:: Input material ::
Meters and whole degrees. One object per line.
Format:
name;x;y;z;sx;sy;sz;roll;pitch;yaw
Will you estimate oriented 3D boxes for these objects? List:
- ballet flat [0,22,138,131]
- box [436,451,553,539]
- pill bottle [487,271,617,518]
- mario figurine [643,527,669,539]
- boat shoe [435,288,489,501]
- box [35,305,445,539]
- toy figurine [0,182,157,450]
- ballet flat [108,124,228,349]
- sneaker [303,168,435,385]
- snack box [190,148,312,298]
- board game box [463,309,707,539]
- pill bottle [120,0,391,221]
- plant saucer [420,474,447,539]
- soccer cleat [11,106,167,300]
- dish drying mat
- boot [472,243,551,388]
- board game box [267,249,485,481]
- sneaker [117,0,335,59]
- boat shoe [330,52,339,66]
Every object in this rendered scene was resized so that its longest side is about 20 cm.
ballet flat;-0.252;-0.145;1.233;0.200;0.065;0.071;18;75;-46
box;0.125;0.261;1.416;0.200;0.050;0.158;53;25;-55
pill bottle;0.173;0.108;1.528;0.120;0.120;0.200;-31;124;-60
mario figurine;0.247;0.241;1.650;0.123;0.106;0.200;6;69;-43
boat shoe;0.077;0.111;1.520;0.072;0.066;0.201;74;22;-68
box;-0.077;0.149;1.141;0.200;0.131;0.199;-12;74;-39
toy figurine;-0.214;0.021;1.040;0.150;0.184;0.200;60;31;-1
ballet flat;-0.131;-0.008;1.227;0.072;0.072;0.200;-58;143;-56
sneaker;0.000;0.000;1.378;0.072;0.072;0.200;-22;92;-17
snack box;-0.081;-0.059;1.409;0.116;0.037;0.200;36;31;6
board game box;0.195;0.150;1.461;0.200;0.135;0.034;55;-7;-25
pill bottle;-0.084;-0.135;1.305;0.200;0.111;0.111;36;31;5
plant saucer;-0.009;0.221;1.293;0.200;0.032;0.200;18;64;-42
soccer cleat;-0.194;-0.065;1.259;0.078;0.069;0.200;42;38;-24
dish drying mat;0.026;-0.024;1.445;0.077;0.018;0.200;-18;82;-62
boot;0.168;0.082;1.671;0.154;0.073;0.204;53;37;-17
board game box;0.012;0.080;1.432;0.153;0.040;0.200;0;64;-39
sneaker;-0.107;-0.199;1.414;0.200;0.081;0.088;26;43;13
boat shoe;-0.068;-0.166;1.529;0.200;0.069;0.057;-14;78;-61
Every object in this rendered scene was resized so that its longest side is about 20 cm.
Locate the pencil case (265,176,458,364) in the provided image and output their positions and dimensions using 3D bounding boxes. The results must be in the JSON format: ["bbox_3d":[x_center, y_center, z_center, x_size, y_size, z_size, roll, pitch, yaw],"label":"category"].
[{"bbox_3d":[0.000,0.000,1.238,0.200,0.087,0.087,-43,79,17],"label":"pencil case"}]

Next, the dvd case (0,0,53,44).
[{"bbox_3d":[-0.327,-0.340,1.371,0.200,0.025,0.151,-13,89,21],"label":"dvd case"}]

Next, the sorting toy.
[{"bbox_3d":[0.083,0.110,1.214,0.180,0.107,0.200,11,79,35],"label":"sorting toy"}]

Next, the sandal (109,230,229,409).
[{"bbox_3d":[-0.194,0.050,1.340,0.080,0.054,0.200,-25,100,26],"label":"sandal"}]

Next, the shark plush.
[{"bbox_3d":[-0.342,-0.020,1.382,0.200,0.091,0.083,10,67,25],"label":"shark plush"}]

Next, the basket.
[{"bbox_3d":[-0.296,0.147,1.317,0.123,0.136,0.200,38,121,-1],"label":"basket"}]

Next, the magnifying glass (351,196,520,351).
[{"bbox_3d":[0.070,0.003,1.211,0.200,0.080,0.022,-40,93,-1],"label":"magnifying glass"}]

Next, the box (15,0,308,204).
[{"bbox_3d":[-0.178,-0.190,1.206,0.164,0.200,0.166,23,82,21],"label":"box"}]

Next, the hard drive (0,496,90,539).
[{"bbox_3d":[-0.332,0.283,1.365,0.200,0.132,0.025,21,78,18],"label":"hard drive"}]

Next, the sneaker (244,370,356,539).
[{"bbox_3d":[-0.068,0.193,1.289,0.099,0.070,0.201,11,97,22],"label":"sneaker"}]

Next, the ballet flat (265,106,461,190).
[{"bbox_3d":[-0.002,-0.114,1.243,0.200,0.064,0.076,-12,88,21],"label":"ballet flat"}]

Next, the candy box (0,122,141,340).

:: Problem statement ::
The expected answer is an exact copy of the lines above, beginning at the line with "- soccer cleat [11,106,167,300]" and ending at the line with "- boat shoe [330,52,339,66]", with both ends in.

:: Task solution ::
- soccer cleat [11,106,167,300]
- dish drying mat
- boot [472,243,551,388]
- board game box [267,249,485,481]
- sneaker [117,0,335,59]
- boat shoe [330,52,339,66]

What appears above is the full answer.